Hospital Circular 04/1999
Date Issued:
30 April 1999
Publication: 4/1999
Contact: Head Office
Distribution: Public and Private Hospitals, Software Suppliers
Subject: AN-DRG Version
for Public Hospital Funding, 1999-2000
Background
1999-2000 will be the seventh year of casemix funding of public hospitals in Victoria. Casemix funding is based on Weighted Inlier Equivalent Separation (WIES) values derived from the Diagnosis Related Group (DRG) and length of stay of each eligible patient episode. Since 1996-97, Version 3.1 of the AN-DRG (Australian National Diagnosis Related Group) Grouper software has used to calculate WIES values.

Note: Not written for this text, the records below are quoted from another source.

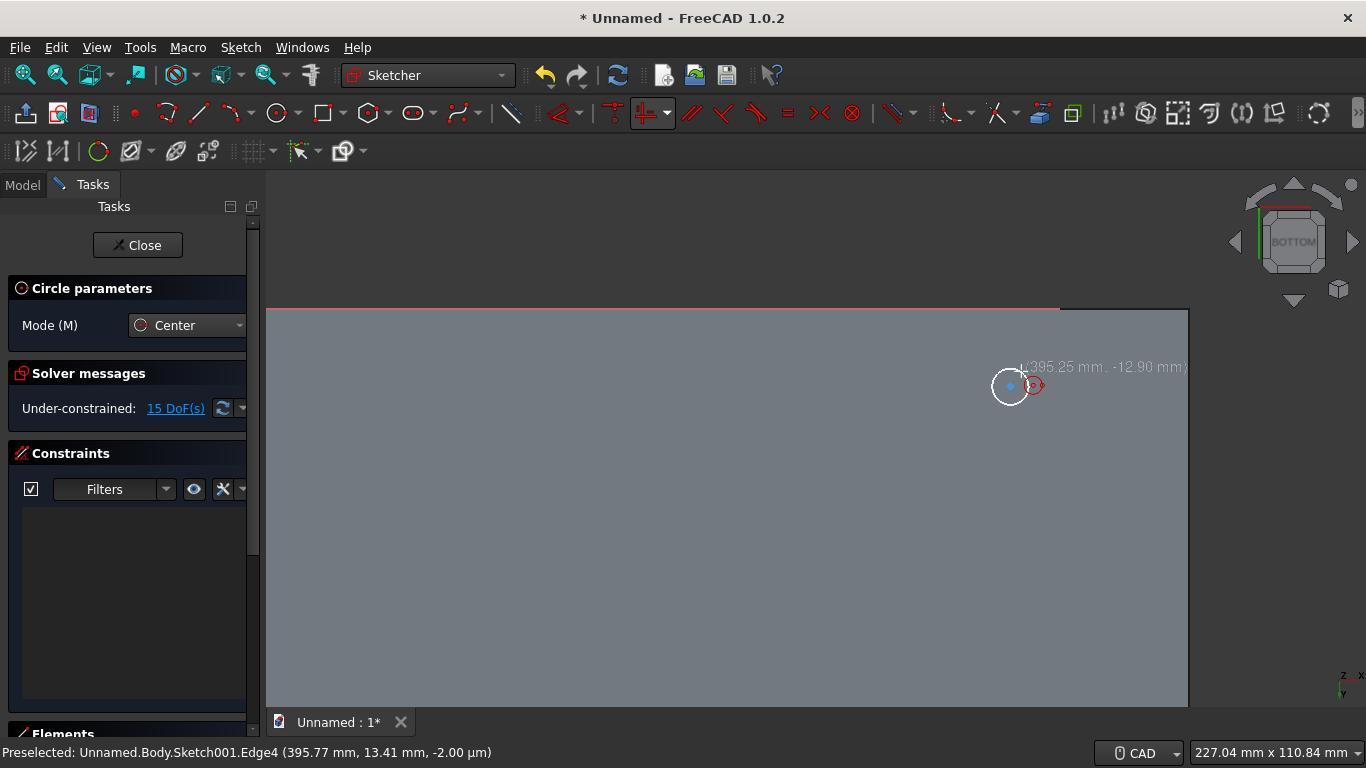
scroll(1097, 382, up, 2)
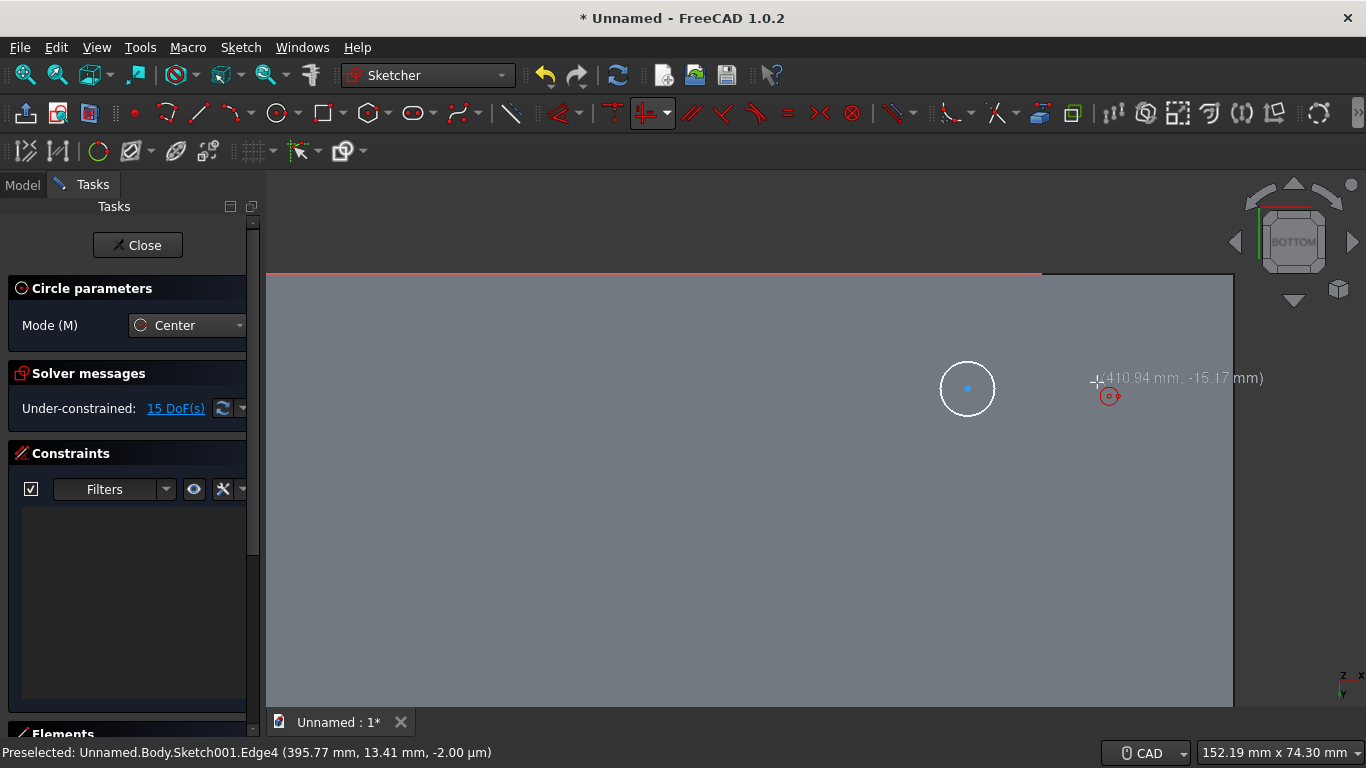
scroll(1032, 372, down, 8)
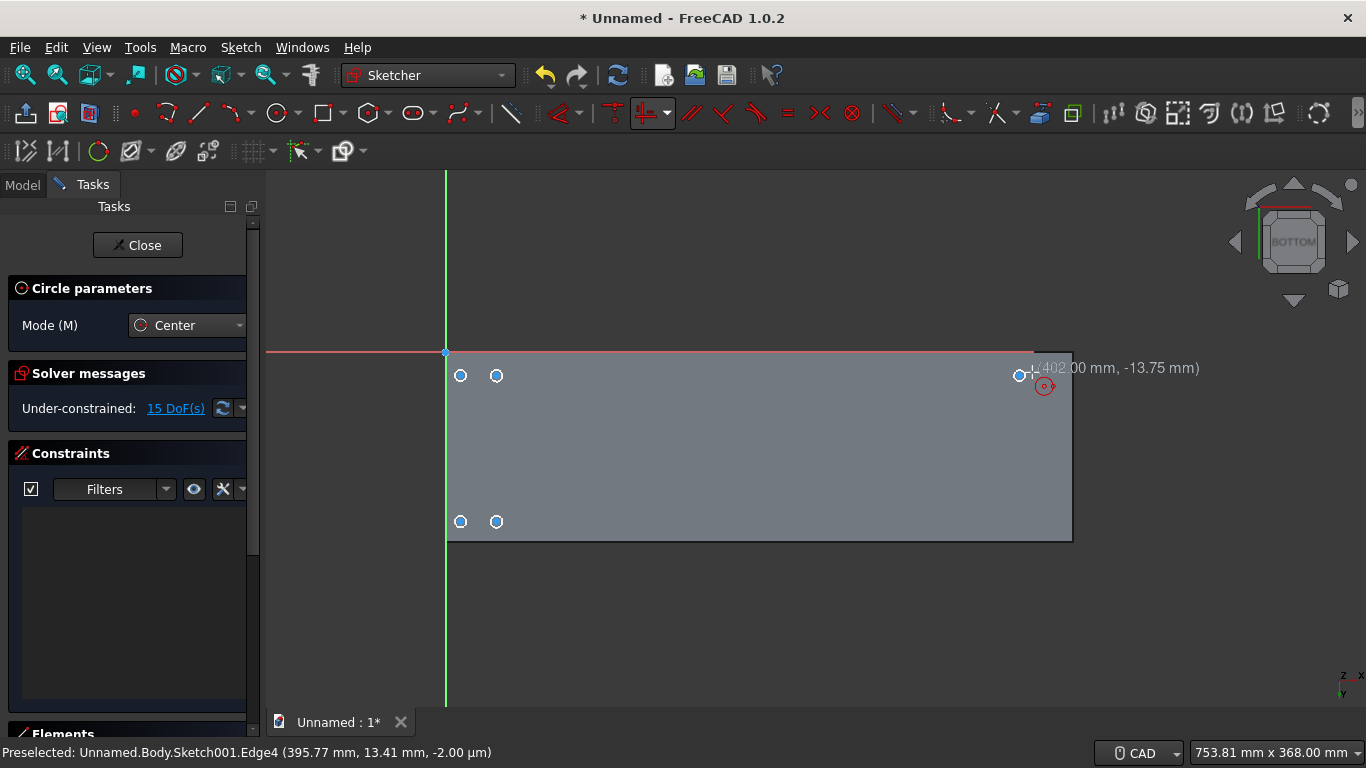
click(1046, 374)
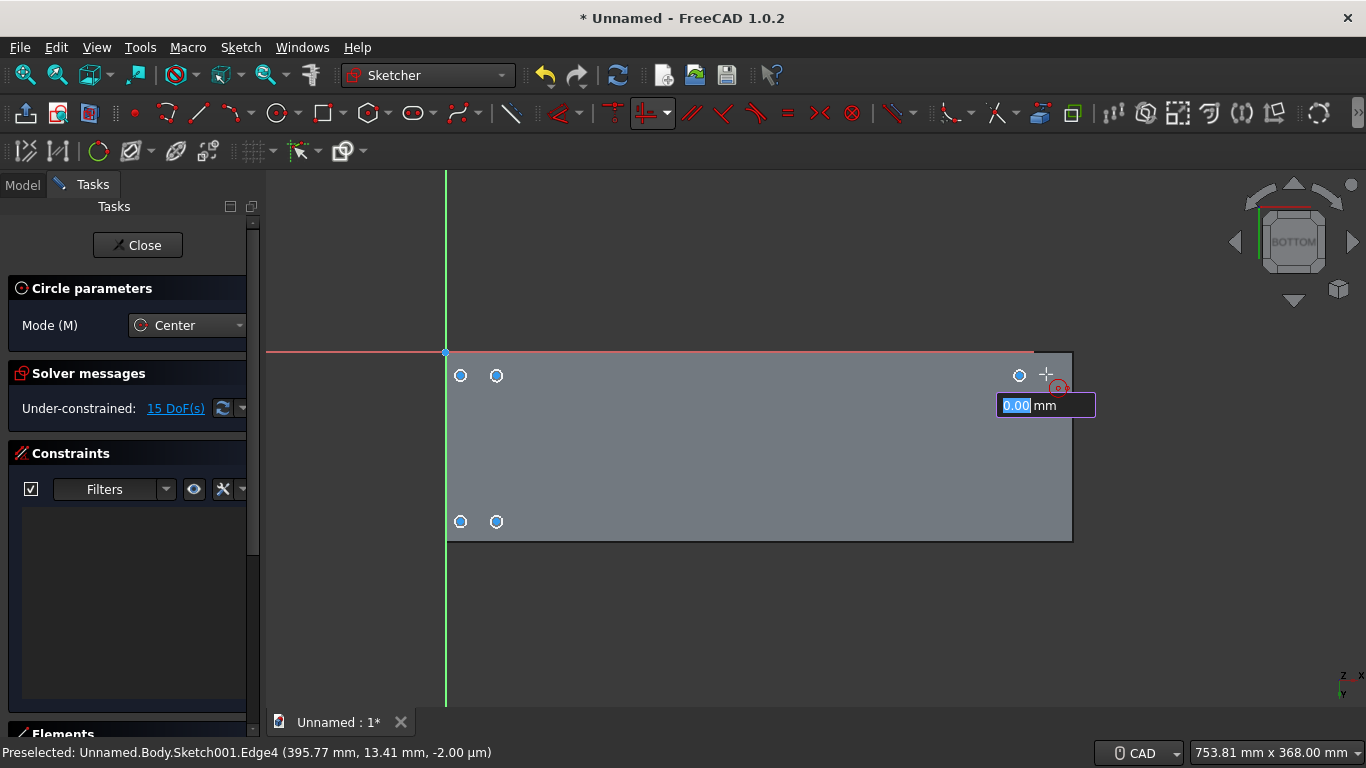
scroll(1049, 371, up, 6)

The Policy and Funding Guidelines for the current financial year (1998-99) contain the following statement on page 23:
Version 4 of the classification (AR-DRG4) is expected to be available for implementation from 1 July 1999. A decision on its introduction must await further analyses. It will not be introduced before 1 July 1999. A collection of ICD-10-AM data is essential to the analyses and testing of the classification.
Issues
Version 4.1 of the AR-DRG Grouper would provide greater clinical currency than Version 3.1, but the late availability of V4.1 software (none of the authorised suppliers' product was available by the expected date of December 1998, and some of the authorised suppliers' product was still not available by February 1999) has limited the Department's ability to conduct the required analyses of the impact on individual hospital and network budgets.
Before making a decision on the Grouper Version to be used for public hospital funding, the Department consulted hospital sector representatives on the Victorian Advisory Committee for Casemix Data Integrity (VACCDI).
Decision
Following the receipt of advice from VACCDI members, the Department has decided to remain with AN-DRG Grouper Version 3.1 for funding for the 1999-2000 financial year. Version 3.1 will be supplemented by a small number of VIC-DRGS developed to cover recognised problem areas (in addition to those used in 1998-99, details will be provided in the 1999-2000 Policy and Funding Guidelines).
The advantages of this decision are that it provides for:
- collection of 12 months of Version 4.1 data for modelling funding effects before implementation. This will provide for a smoother transition between groupers mirroring the changeover from Version 1 to Version 3.1; and
- minimal software changes at a time when information technology areas are concentrating on Y2K preparation.
Continuation of code mapping and DRG adjustment are negative factors outweighed by the advantages of remaining with Version 3.1.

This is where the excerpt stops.